CMOs who consistently push wider leadership teams beyond their typical boundaries to show how their technology investments can positively impact their overarching finance goals always seem to come out on top. But the question for most companies looking to nail down their updated marketing budgets while navigating murky economic waters remains: where does one even begin?
One of the places to start is by looking at your competition. Is your competitor cutting their budgets? If so, by how much? If not, are they pulling back elsewhere? Typically, businesses that pull back on their budgets when their competitors trudge forward can lose around 15% of their business, according to marketing consultancy Analytic Partners.
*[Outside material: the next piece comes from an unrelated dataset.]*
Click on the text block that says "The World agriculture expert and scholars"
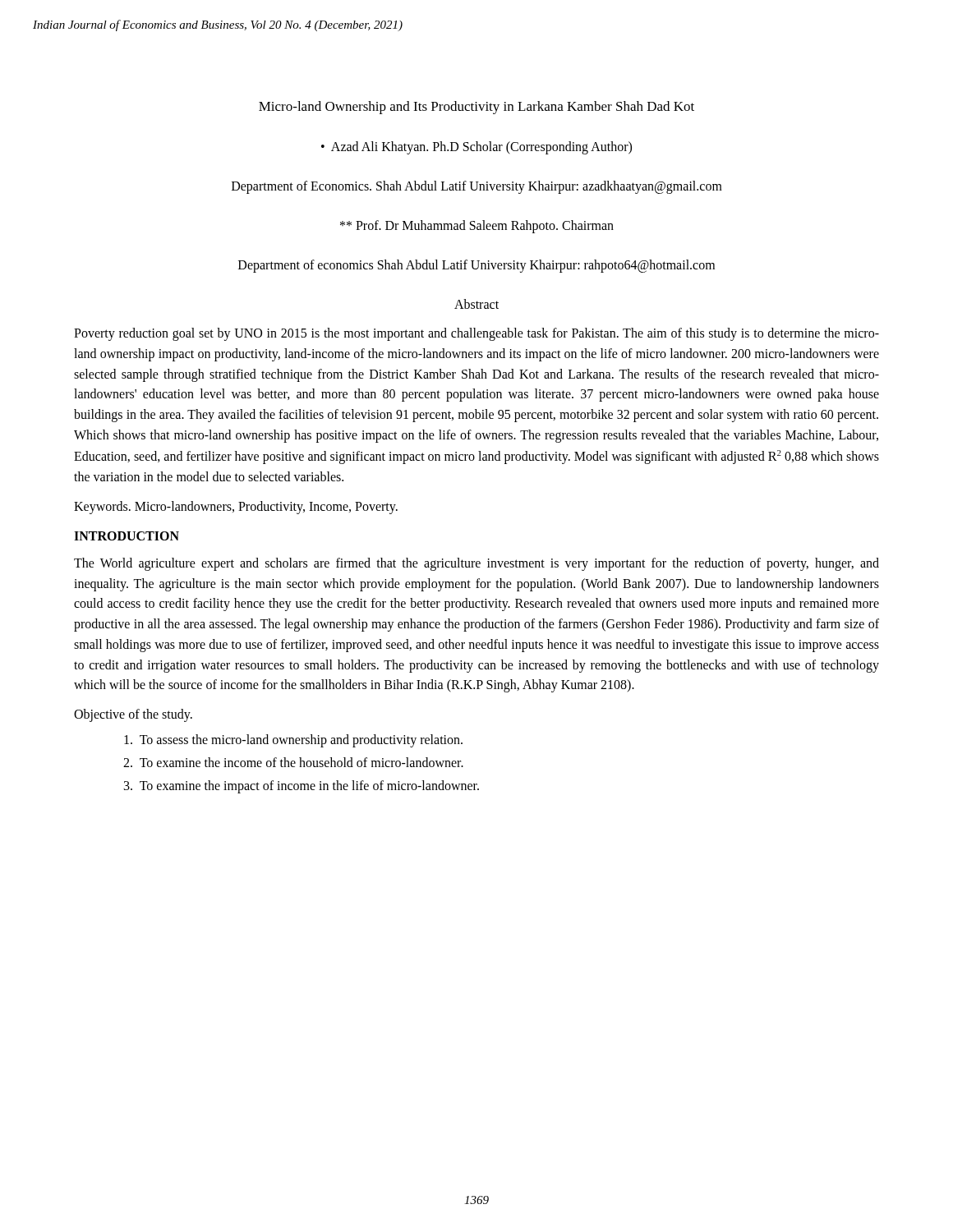The width and height of the screenshot is (953, 1232). point(476,624)
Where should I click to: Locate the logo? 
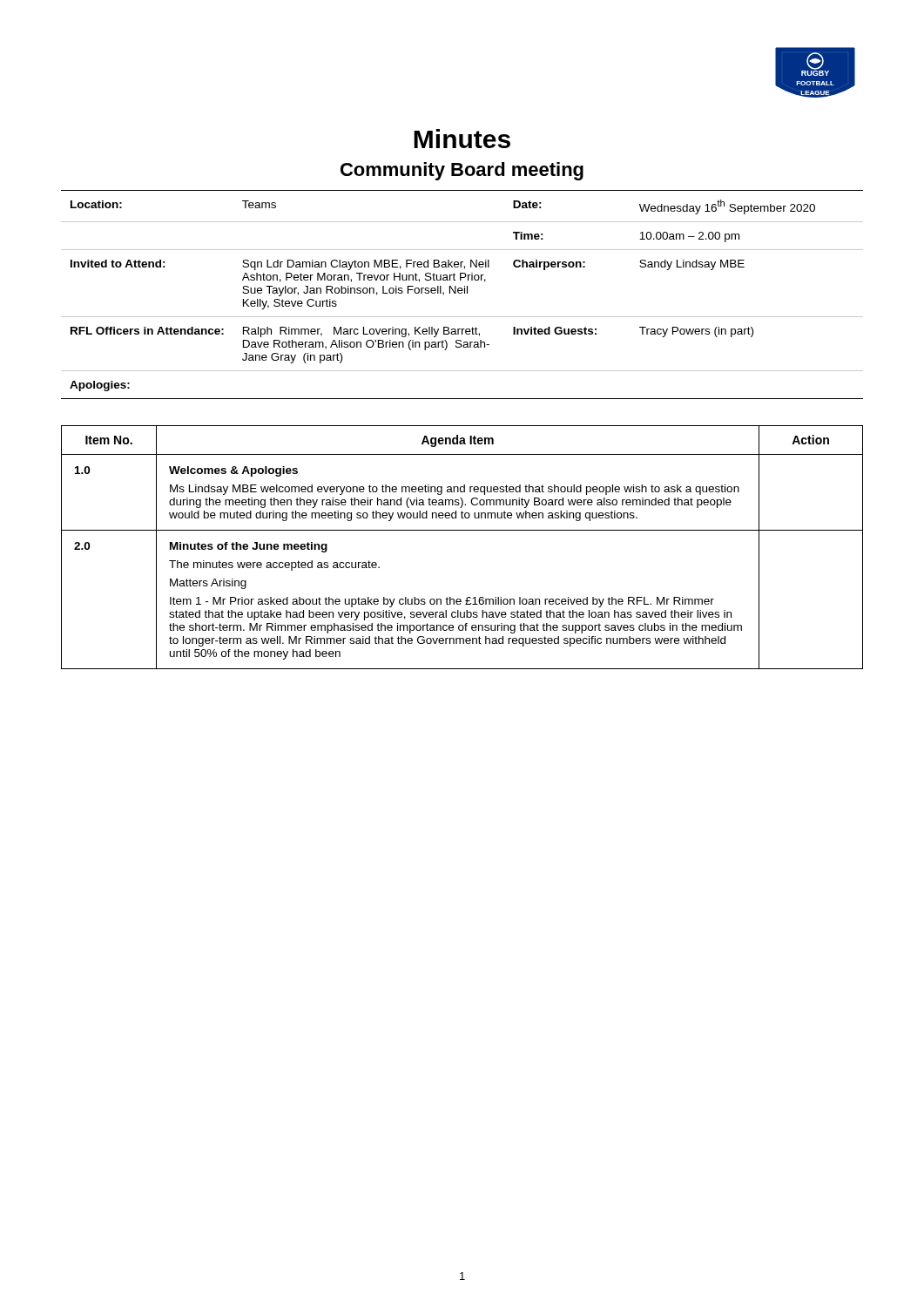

That’s a sobering thought.
In a similar vein, examining the full extent of the outcome of potential budget cuts with the help of historical data can indicate to leaders whether or not the temporary financial relief may lead to more significant, long-term strain on business objectives such as sales pipelines, brand awareness and customer trust.
How marketing investments can help you stay ahead in your industry
There has never been a more crucial time for marketing leaders to get on the same page with their C-suite around the companies’ continued investments. Furthermore, it’s important to understand what your chief financial officer (CFO) might be looking for before he or she decides what to fund and what not to fund.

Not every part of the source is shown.